If you have student loan debt, you may have heard that the federal government is restarting student loans debt collection in 2025 (something that’s been on hold since the pandemic began in 2020). If your loans are current, you’re probably in good shape. But if you have defaulted federal student loans, it’s possible your tax refund could be impacted this year.
Below, we’ll break down what’s changing, what it means if you’re behind on student loan payments, and how to get ahead of any surprises before filing your tax return.
At a glance
- The federal government restarted collecting student loan debt in 2025 after a multi-year pause due to the pandemic.
- If your federal student loans are in default, the government can garnish wages or withhold tax refunds to collect what you owe.
- You can avoid or stop debt collection through options like loan rehabilitation or loan consolidation.
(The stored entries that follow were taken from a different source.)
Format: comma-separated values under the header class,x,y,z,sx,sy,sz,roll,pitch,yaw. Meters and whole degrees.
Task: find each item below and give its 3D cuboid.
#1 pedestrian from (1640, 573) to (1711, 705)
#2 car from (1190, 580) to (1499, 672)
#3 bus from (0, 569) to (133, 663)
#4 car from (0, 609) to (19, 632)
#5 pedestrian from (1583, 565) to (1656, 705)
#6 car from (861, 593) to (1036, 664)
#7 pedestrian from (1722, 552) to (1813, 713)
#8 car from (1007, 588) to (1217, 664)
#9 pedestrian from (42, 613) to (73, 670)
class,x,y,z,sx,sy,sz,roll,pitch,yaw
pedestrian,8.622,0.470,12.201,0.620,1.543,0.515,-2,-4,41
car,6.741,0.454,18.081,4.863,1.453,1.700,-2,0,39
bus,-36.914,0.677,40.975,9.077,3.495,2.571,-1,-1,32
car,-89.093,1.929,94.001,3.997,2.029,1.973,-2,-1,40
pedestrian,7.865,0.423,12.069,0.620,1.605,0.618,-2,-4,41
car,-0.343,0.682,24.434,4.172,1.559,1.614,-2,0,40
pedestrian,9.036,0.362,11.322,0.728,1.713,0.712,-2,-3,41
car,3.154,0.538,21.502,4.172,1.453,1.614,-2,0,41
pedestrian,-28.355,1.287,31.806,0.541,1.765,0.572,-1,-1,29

Can student loans go to collections?
Yes, federal student loans can be sent to a student loan default collection agency if they go unpaid long enough and your loan officially enters default. The point at which your loan is considered in default can vary depending on the type of loan, but this typically happens only after you’ve missed several months of payments.
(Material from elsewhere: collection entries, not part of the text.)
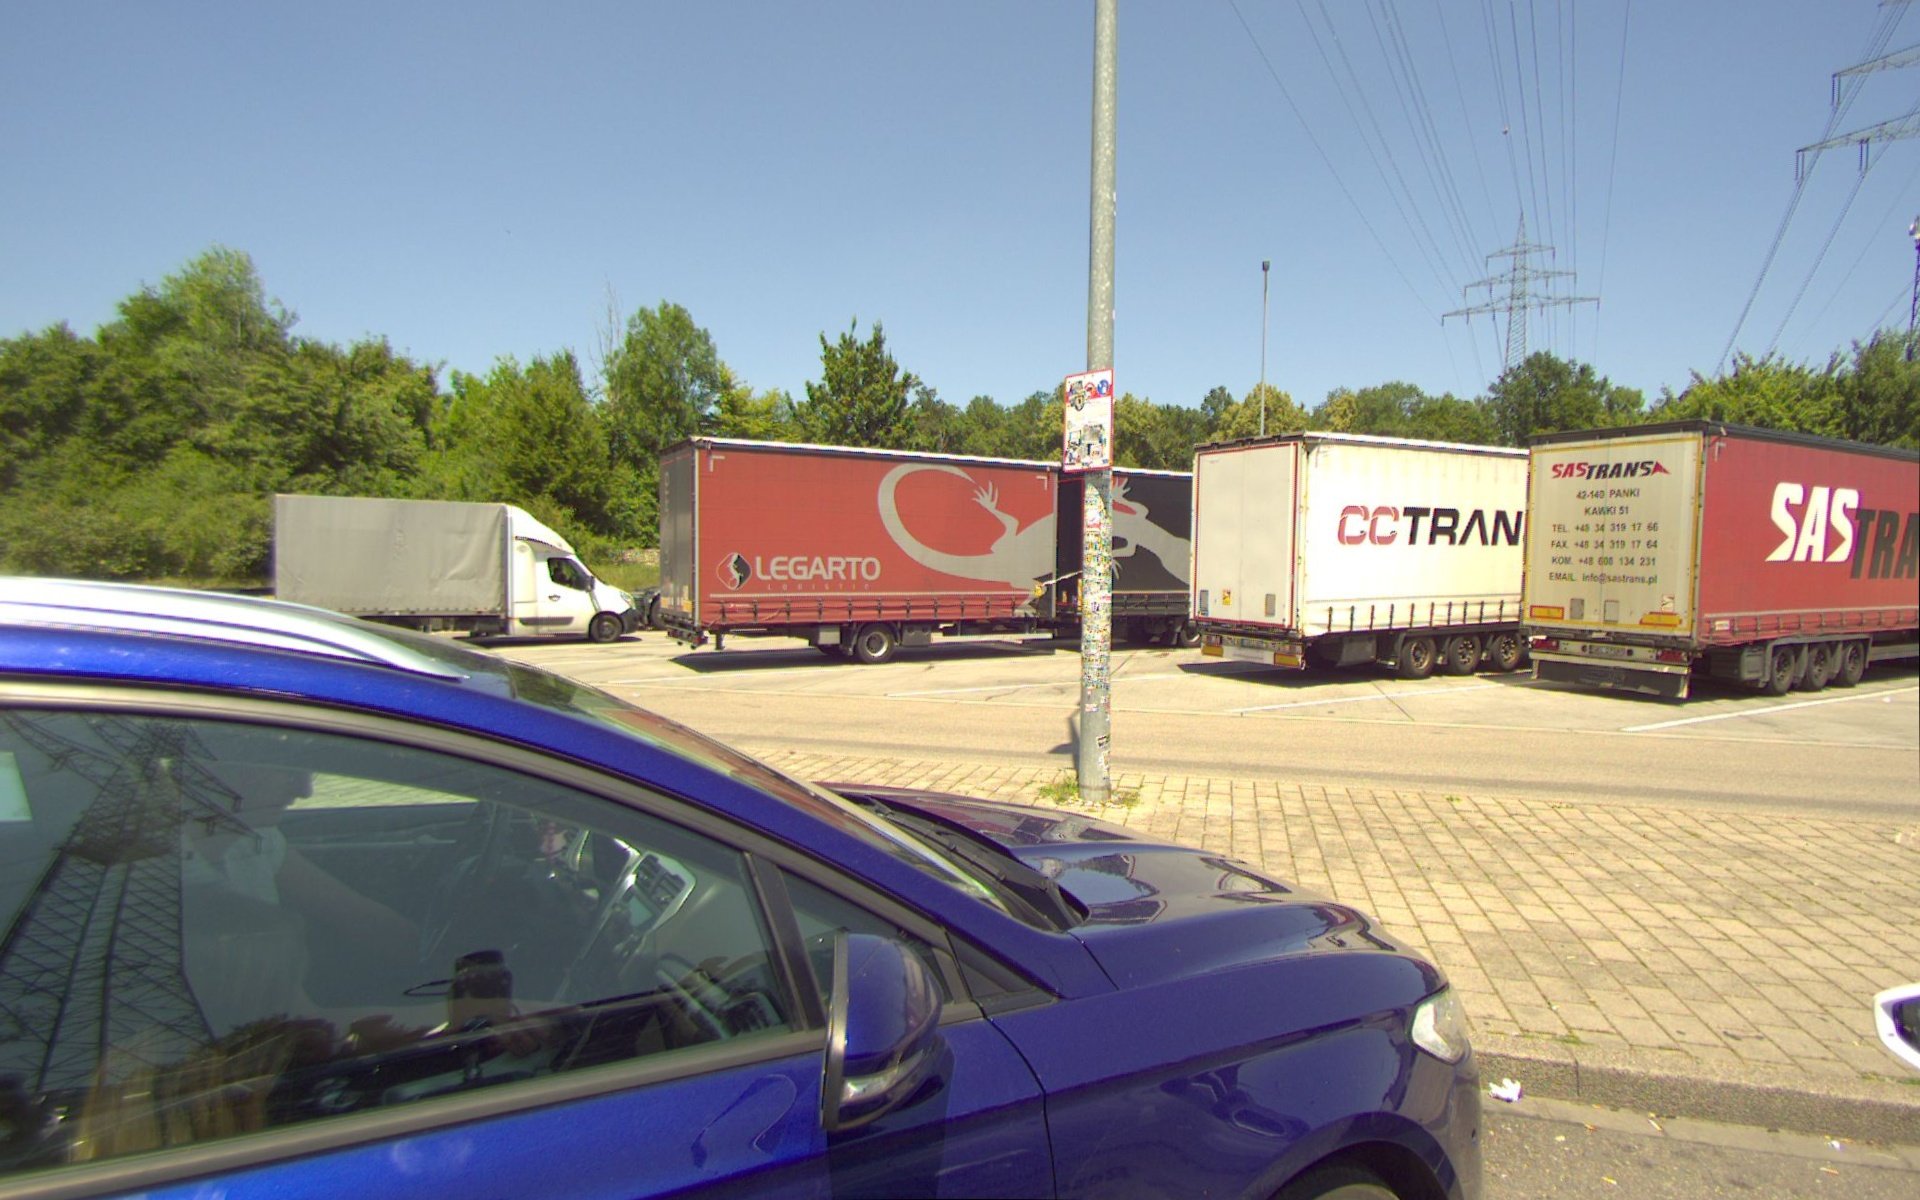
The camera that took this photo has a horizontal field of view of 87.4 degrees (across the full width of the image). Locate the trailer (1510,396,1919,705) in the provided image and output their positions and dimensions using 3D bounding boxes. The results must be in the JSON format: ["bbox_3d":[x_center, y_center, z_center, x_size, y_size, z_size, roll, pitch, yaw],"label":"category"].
[{"bbox_3d":[15.266,-0.651,18.423,13.046,4.276,2.786,0,0,-31],"label":"trailer"}]

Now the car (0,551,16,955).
[{"bbox_3d":[-4.338,0.511,2.188,3.077,1.378,1.334,1,0,-30],"label":"car"}]

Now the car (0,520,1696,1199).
[{"bbox_3d":[-0.975,0.661,1.472,4.362,1.437,1.731,1,0,-30],"label":"car"}]

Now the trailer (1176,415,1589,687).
[{"bbox_3d":[8.078,-0.758,18.800,8.189,4.208,2.741,0,1,-30],"label":"trailer"}]

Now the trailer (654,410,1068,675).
[{"bbox_3d":[-1.817,-0.964,20.261,7.963,4.510,2.648,0,0,-31],"label":"trailer"}]

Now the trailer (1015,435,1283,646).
[{"bbox_3d":[4.583,-1.257,24.101,6.076,4.505,2.665,0,0,-30],"label":"trailer"}]

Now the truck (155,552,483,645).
[{"bbox_3d":[-15.355,-0.032,24.585,6.538,2.040,1.984,0,0,-30],"label":"truck"}]

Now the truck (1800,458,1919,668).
[{"bbox_3d":[21.450,-0.729,22.057,5.824,4.189,2.792,0,0,-30],"label":"truck"}]

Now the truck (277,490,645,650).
[{"bbox_3d":[-11.065,-0.592,22.805,7.171,3.194,2.160,0,1,-30],"label":"truck"}]

What happens if student loans go to collections?
Once your loan has gone to collections, several things may happen:
- Your loan may be assigned to debt collectors working on behalf of the government.
- The Treasury Department can withhold federal tax refunds and other federal payments to apply toward your balance (called a Treasury offset).
- The government may also impose wage garnishment to collect what you owe.
- Your loan status may negatively impact your credit report.
- You may lose access to certain repayment plan options until you resolve the default.
While none of this feels great, there are options to restore your loan to good standing, such as loan consolidation or rehabilitation, which we discuss more later on.
What’s changing with federal student loan collections in 2025?
Since 2020, the government had not been collecting on defaulted student loans until recently. Now, after several years on pause, the U.S. Department of Education is restarting the collection of student loans that are in default. Here’s what that means:
- Defaulted federal student loans can once again be sent to a student loan default collection agency.
- The federal government can take overdue amounts out of your tax refund or other government payments (like certain Social Security benefits) to repay your outstanding balances.
- Wage garnishment can also resume.
- Your credit report may show negative information again if your loans have defaulted, which can affect your ability to borrow in the future.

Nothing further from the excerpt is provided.